Quiz 1: Getting Started Data Science Capstone (Data Science Specialization) Answers 2025
Question 1 – The en_US.blogs.txt file is how many megabytes?
✅ 200 MB
❌ 100
❌ 150
❌ 250
Explanation:en_US.blogs.txt is approximately 200 MB (210 MB raw). It’s the largest of the three English datasets (blogs, news, twitter).
Question 2 – The en_US.twitter.txt file has how many lines of text?
✅ Over 2 million
❌ Around 1 million
❌ Around 500 thousand
❌ Around 200 thousand
Explanation:en_US.twitter.txt contains about 2,360,000 lines (tweets).
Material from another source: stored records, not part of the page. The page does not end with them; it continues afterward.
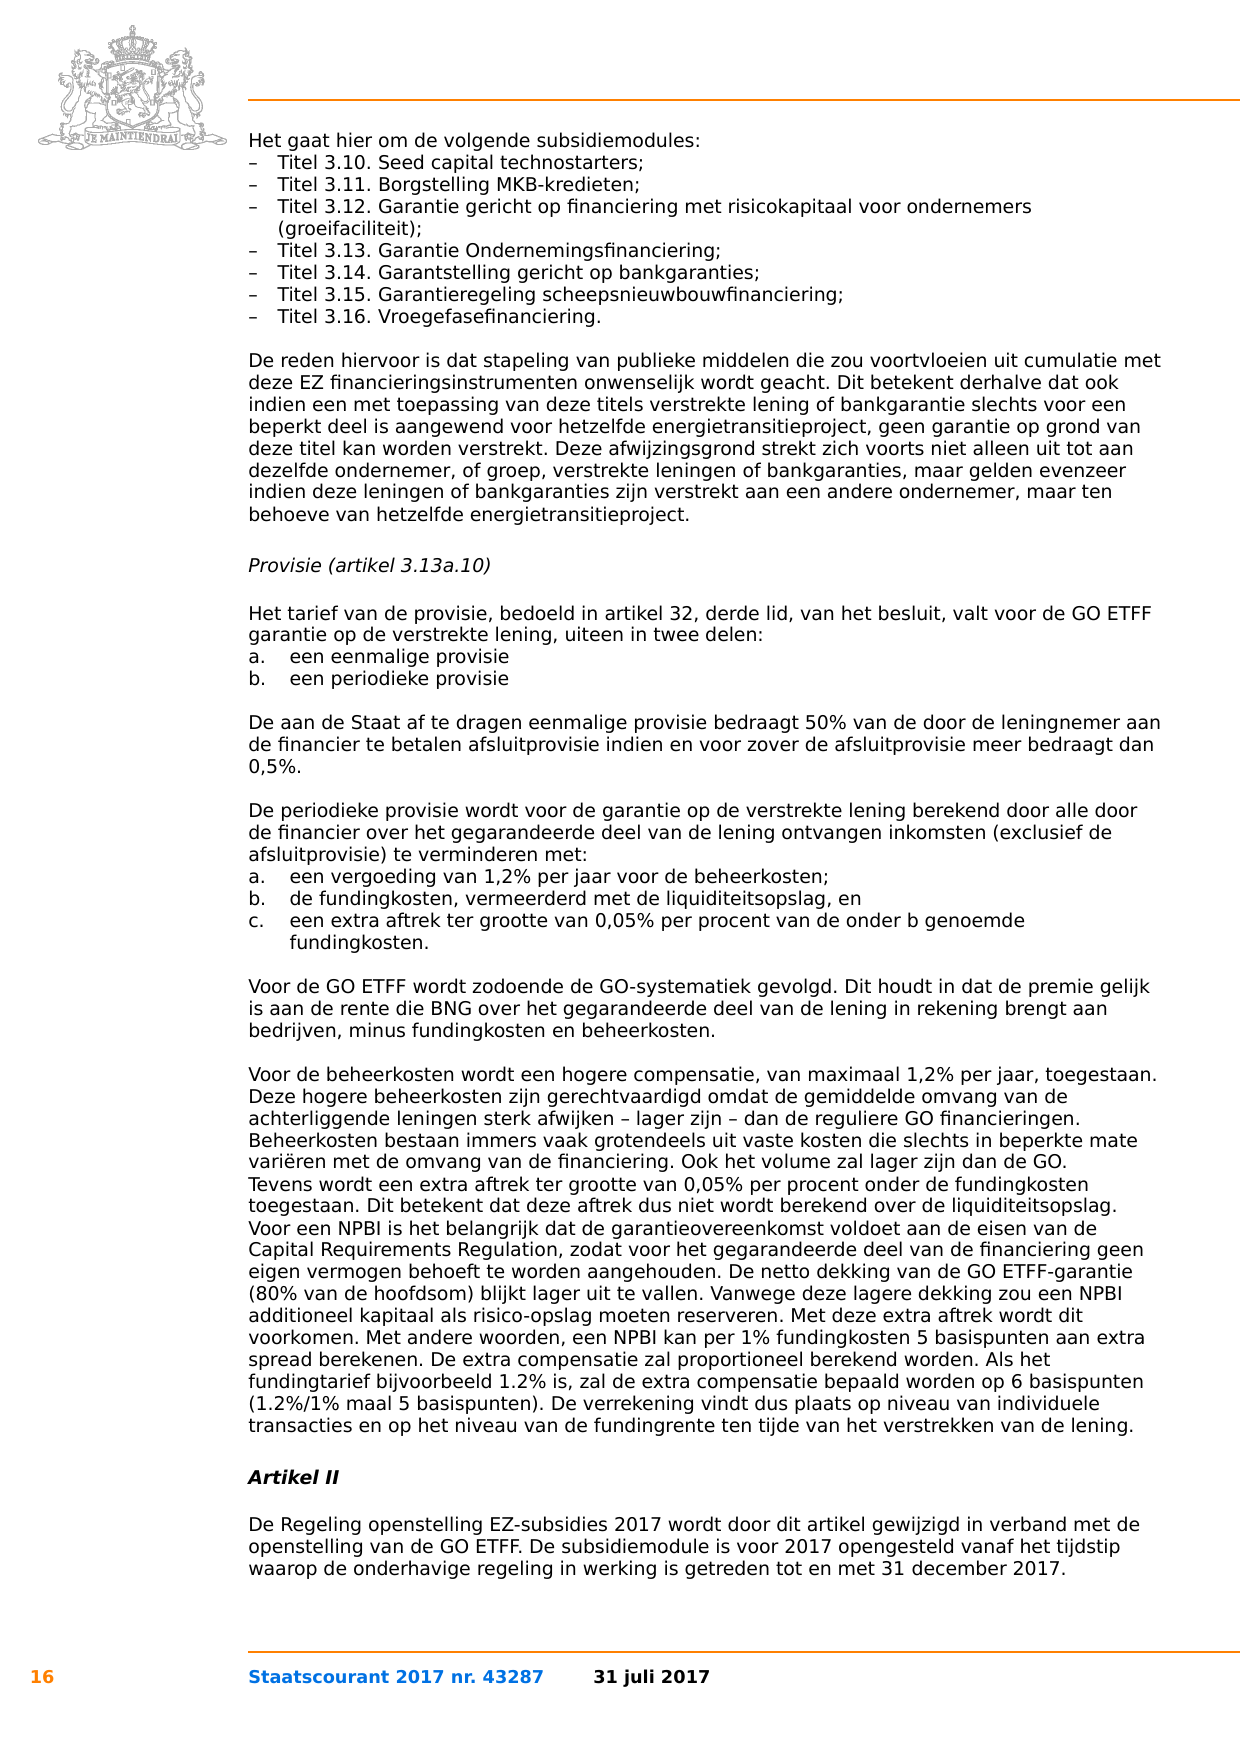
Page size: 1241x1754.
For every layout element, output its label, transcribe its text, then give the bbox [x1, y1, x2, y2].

subtitle Artikel II [248, 1467, 1163, 1489]
text De aan de Staat af te dragen eenmalige provisie bedraagt 50% van de door de leningnemer aan de financier te betalen afsluitprovisie indien en voor zover de afsluitprovisie meer bedraagt dan 0,5%. [248, 712, 1163, 778]
text De Regeling openstelling EZ-subsidies 2017 wordt door dit artikel gewijzigd in verband met de openstelling van de GO ETFF. De subsidiemodule is voor 2017 opengesteld vanaf het tijdstip waarop de onderhavige regeling in werking is getreden tot en met 31 december 2017. [248, 1514, 1163, 1580]
text – Titel 3.12. Garantie gericht op financiering met risicokapitaal voor ondernemers (groeifaciliteit); [248, 196, 1163, 240]
text Het gaat hier om de volgende subsidiemodules: [248, 130, 1163, 152]
text – Titel 3.11. Borgstelling MKB-kredieten; [248, 174, 1163, 196]
text a. een vergoeding van 1,2% per jaar voor de beheerkosten; [248, 866, 1163, 888]
text Tevens wordt een extra aftrek ter grootte van 0,05% per procent onder de fundingkosten toegestaan. Dit betekent dat deze aftrek dus niet wordt berekend over de liquiditeitsopslag. Voor een NPBI is het belangrijk dat de garantieovereenkomst voldoet aan de eisen van de Capital Requirements Regulation, zodat voor het gegarandeerde deel van de financiering geen eigen vermogen behoeft te worden aangehouden. De netto dekking van de GO ETFF-garantie (80% van de hoofdsom) blijkt lager uit te vallen. Vanwege deze lagere dekking zou een NPBI additioneel kapitaal als risico-opslag moeten reserveren. Met deze extra aftrek wordt dit voorkomen. Met andere woorden, een NPBI kan per 1% fundingkosten 5 basispunten aan extra spread berekenen. De extra compensatie zal proportioneel berekend worden. Als het fundingtarief bijvoorbeeld 1.2% is, zal de extra compensatie bepaald worden op 6 basispunten (1.2%/1% maal 5 basispunten). De verrekening vindt dus plaats op niveau van individuele transacties en op het niveau van de fundingrente ten tijde van het verstrekken van de lening. [248, 1173, 1163, 1437]
text De periodieke provisie wordt voor de garantie op de verstrekte lening berekend door alle door de financier over het gegarandeerde deel van de lening ontvangen inkomsten (exclusief de afsluitprovisie) te verminderen met: [248, 800, 1163, 866]
text Het tarief van de provisie, bedoeld in artikel 32, derde lid, van het besluit, valt voor de GO ETFF garantie op de verstrekte lening, uiteen in twee delen: [248, 602, 1163, 646]
picture [38, 25, 227, 150]
text Voor de beheerkosten wordt een hogere compensatie, van maximaal 1,2% per jaar, toegestaan. Deze hogere beheerkosten zijn gerechtvaardigd omdat de gemiddelde omvang van de achterliggende leningen sterk afwijken – lager zijn – dan de reguliere GO financieringen. Beheerkosten bestaan immers vaak grotendeels uit vaste kosten die slechts in beperkte mate variëren met de omvang van de financiering. Ook het volume zal lager zijn dan de GO. [248, 1063, 1163, 1173]
text De reden hiervoor is dat stapeling van publieke middelen die zou voortvloeien uit cumulatie met deze EZ financieringsinstrumenten onwenselijk wordt geacht. Dit betekent derhalve dat ook indien een met toepassing van deze titels verstrekte lening of bankgarantie slechts voor een beperkt deel is aangewend voor hetzelfde energietransitieproject, geen garantie op grond van deze titel kan worden verstrekt. Deze afwijzingsgrond strekt zich voorts niet alleen uit tot aan dezelfde ondernemer, of groep, verstrekte leningen of bankgaranties, maar gelden evenzeer indien deze leningen of bankgaranties zijn verstrekt aan een andere ondernemer, maar ten behoeve van hetzelfde energietransitieproject. [248, 349, 1163, 525]
text – Titel 3.15. Garantieregeling scheepsnieuwbouwfinanciering; [248, 284, 1163, 306]
text c. een extra aftrek ter grootte van 0,05% per procent van de onder b genoemde fundingkosten. [248, 910, 1163, 954]
text – Titel 3.13. Garantie Ondernemingsfinanciering; [248, 240, 1163, 262]
text – Titel 3.16. Vroegefasefinanciering. [248, 306, 1163, 328]
text – Titel 3.14. Garantstelling gericht op bankgaranties; [248, 262, 1163, 284]
subtitle Provisie (artikel 3.13a.10) [248, 555, 1163, 577]
text b. een periodieke provisie [248, 668, 1163, 690]
text Voor de GO ETFF wordt zodoende de GO-systematiek gevolgd. Dit houdt in dat de premie gelijk is aan de rente die BNG over het gegarandeerde deel van de lening in rekening brengt aan bedrijven, minus fundingkosten en beheerkosten. [248, 976, 1163, 1042]
text a. een eenmalige provisie [248, 646, 1163, 668]
text b. de fundingkosten, vermeerderd met de liquiditeitsopslag, en [248, 888, 1163, 910]
text – Titel 3.10. Seed capital technostarters; [248, 152, 1163, 174]

Each line represents one tweet.
Question 3 – Length of the longest line in any of the three en_US datasets?
✅ Over 40 thousand in the blogs data set
❌ Over 40 thousand in the news data set
❌ Over 11 thousand in the blogs data set
❌ Over 11 thousand in the news data set
Explanation:
The longest single line appears in the blogs dataset, exceeding 40,000 characters — likely due to long, unbroken text lines without line breaks.
Question 4 – In the Twitter dataset, ratio of lines containing “love” vs “hate”?
✅ About 4
❌ 2
❌ 0.5
❌ 0.25
Explanation:
When counting line occurrences (not total words):
-
Lines with “love”: ~9,600
-
Lines with “hate”: ~2,250
Ratio ≈ 4.27, so roughly 4.
Question 5 – The one tweet containing “biostats” says what?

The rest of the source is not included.